# Calling Clever Pc Whizzes



## bry1975 (Feb 6, 2004)

Hi there,

Well does this Lcd monitor seem good with the spec???

http://cgi.ebay.co.uk/New-Philips-190B5-19...1QQcmdZViewItem

Thanks

Bry


----------



## sssammm (Oct 7, 2003)

+VAT AND DELIVERY!

NOT THE BEST DEAL AROUND

SAM


----------



## bry1975 (Feb 6, 2004)

Lol I know, i've now seen a much better deal



sssammm said:


> +VAT AND DELIVERY!
> 
> NOT THE BEST DEAL AROUND
> 
> SAM


----------



## foztex (Nov 6, 2005)

Its a good price for that size monitor Bry.

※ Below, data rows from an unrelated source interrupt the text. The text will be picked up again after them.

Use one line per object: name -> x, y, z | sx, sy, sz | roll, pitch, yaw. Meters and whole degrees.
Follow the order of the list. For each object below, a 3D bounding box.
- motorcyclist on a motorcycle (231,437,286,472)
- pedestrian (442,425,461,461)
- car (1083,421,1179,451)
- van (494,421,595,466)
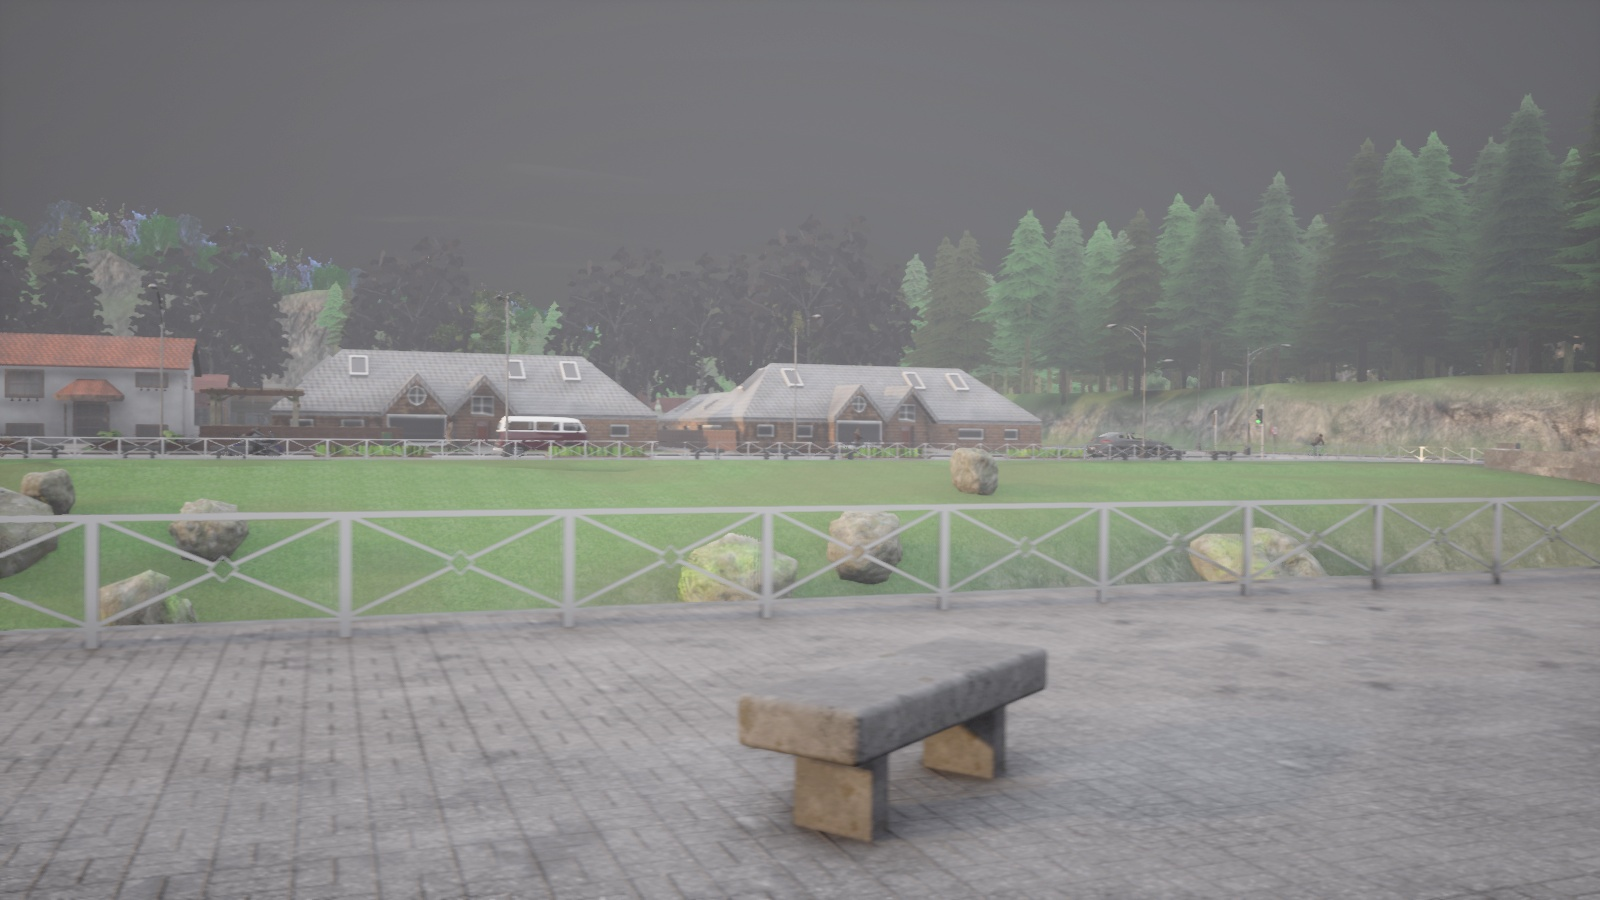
motorcyclist on a motorcycle -> -24.251, 0.180, 56.244 | 2.191, 1.530, 0.866 | -1, 1, -21
pedestrian -> -18.762, -0.389, 67.570 | 0.873, 1.952, 0.659 | -1, 1, -22
car -> 19.179, -0.814, 72.718 | 5.027, 1.651, 2.152 | -1, 1, -21
van -> -12.381, -0.333, 60.744 | 4.480, 2.038, 2.069 | -1, 1, -21
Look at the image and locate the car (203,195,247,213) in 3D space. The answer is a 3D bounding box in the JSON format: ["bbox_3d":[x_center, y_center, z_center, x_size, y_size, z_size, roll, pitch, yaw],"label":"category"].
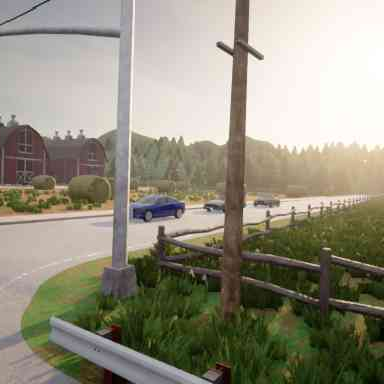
[{"bbox_3d":[3.063,0.997,29.461,2.033,1.411,5.357,3,2,33],"label":"car"}]

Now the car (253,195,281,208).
[{"bbox_3d":[8.582,0.997,37.814,1.994,1.385,4.181,3,2,33],"label":"car"}]

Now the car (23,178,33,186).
[{"bbox_3d":[-38.908,-2.329,79.373,1.905,1.878,3.866,8,2,-13],"label":"car"}]

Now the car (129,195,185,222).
[{"bbox_3d":[-2.379,0.943,21.201,1.882,1.535,5.008,3,2,33],"label":"car"}]
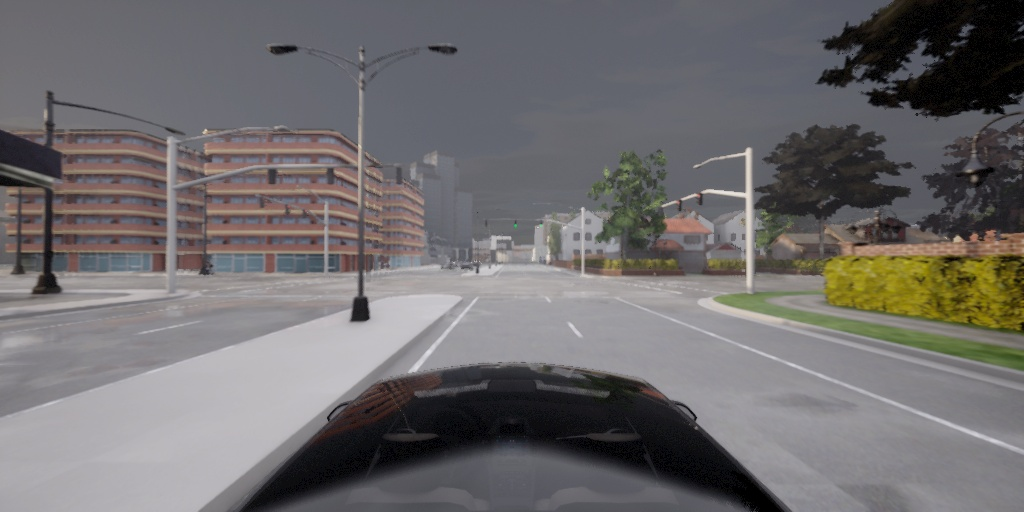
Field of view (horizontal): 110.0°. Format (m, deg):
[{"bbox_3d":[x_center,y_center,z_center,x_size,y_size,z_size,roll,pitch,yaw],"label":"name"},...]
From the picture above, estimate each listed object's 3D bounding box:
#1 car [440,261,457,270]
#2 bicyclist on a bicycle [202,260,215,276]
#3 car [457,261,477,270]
[{"bbox_3d":[-11.519,1.720,64.120,2.128,1.511,4.902,0,0,0],"label":"car"},{"bbox_3d":[-32.100,1.274,37.968,0.582,1.620,1.656,0,0,-1],"label":"bicyclist on a bicycle"},{"bbox_3d":[-8.012,1.775,64.068,2.033,1.411,5.357,0,0,0],"label":"car"}]
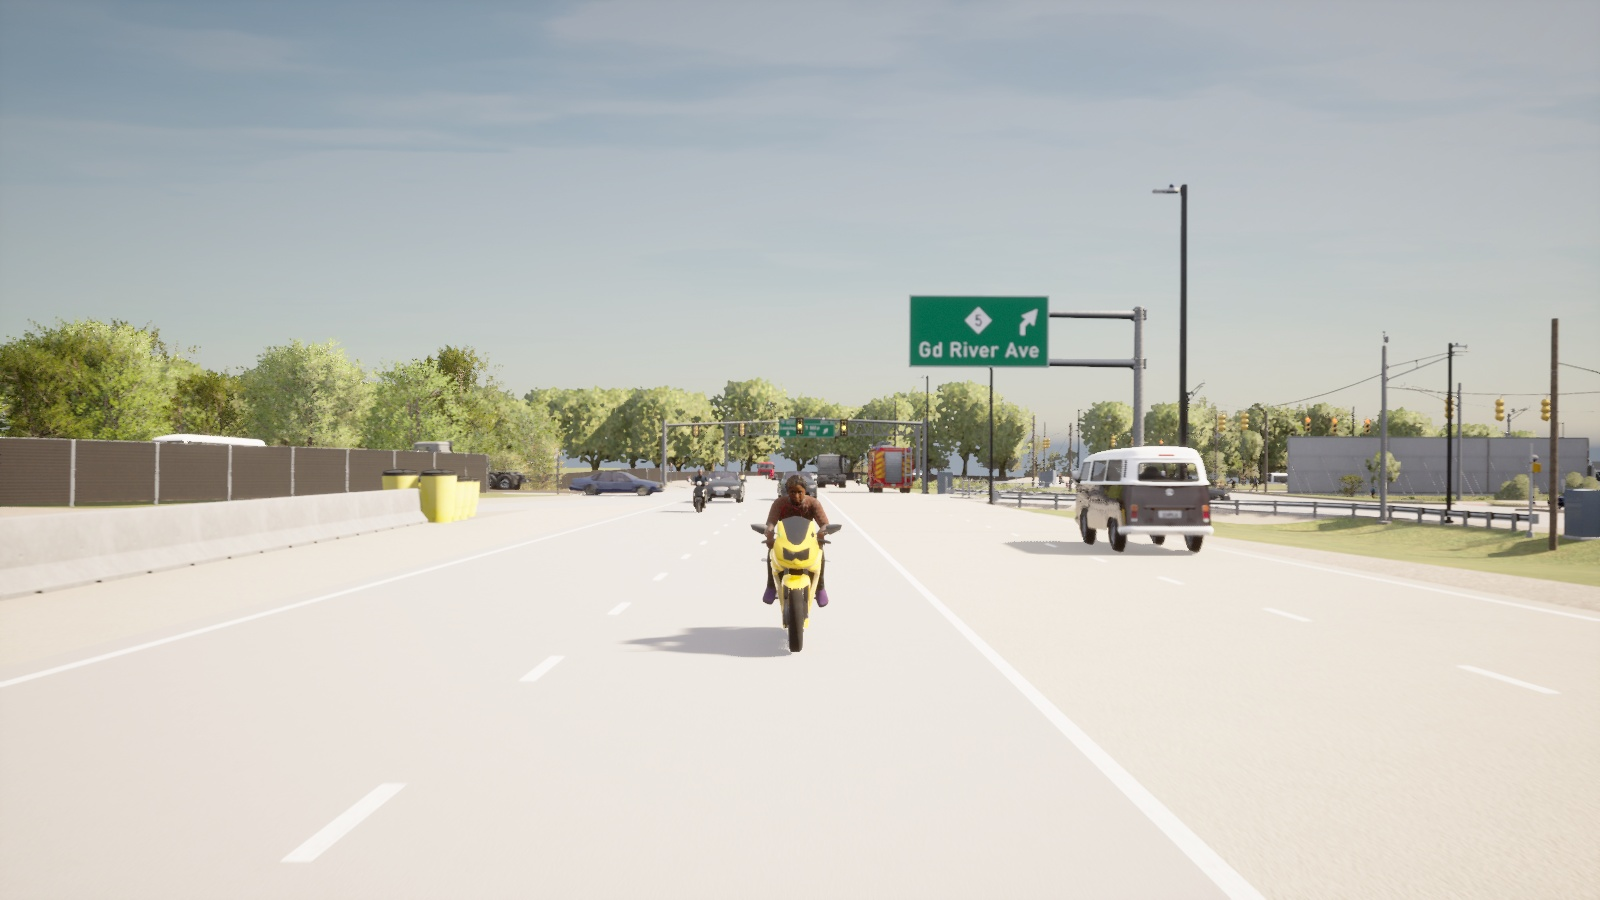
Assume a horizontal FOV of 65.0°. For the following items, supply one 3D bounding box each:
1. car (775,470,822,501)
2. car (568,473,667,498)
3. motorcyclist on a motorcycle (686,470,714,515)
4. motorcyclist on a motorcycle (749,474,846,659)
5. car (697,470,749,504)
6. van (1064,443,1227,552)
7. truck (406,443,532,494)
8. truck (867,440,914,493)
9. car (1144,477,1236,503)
[{"bbox_3d":[-0.128,1.806,65.025,2.128,1.511,4.902,0,-1,-3],"label":"car"},{"bbox_3d":[-10.480,2.030,72.320,5.357,1.411,2.033,0,0,4],"label":"car"},{"bbox_3d":[-3.606,1.506,45.481,0.866,1.590,1.817,0,-1,0],"label":"motorcyclist on a motorcycle"},{"bbox_3d":[-0.026,0.983,11.410,0.797,1.523,2.044,0,-1,0],"label":"motorcyclist on a motorcycle"},{"bbox_3d":[-3.607,1.732,59.552,2.128,1.511,4.902,0,-1,0],"label":"car"},{"bbox_3d":[6.939,0.922,25.753,2.069,2.038,4.480,0,-1,0],"label":"van"},{"bbox_3d":[-22.890,1.274,87.181,7.936,3.462,2.891,0,0,0],"label":"truck"},{"bbox_3d":[6.776,1.277,95.569,2.891,3.827,8.468,0,-1,0],"label":"truck"},{"bbox_3d":[23.614,2.436,76.198,4.902,1.511,2.128,0,-1,-2],"label":"car"}]
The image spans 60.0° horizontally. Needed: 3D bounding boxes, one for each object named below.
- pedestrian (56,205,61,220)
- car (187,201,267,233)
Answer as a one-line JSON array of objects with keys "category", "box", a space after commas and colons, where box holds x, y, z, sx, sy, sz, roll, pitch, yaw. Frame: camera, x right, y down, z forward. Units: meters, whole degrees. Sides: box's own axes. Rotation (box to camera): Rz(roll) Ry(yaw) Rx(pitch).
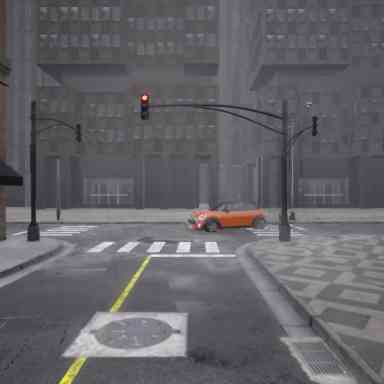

BUT if you are after watching video on it it has got a very slow response time (25ms) for video I would go for something below 8 ms.

You can certainly get new monitors with 4ms response for around 200 quid. Check out Pixmania for new stuff and Morgan computers 

for new and great deals on reconditioned and overstocked stuff.

Another thing I noticed on your linked page is that there is a warning that VAT will be added, I am not sure but does this mean the bid price is ex VAT?

Foz


----------



## bry1975 (Feb 6, 2004)

Thanks Foz,

You sure need to know your stuff, saw a Sharp monitor they didn't advertise 30ms response time









Would've been slooooooooooooooooow



foztex said:


> Its a good price for that size monitor Bry. BUT if you are after watching video on it it has got a very slow response time (25ms) for video I would go for something below 8 ms.
> 
> You can certainly get new monitors with 4ms response for around 200 quid. Check out Pixmania for new stuff and Morgan computers
> 
> ...


----------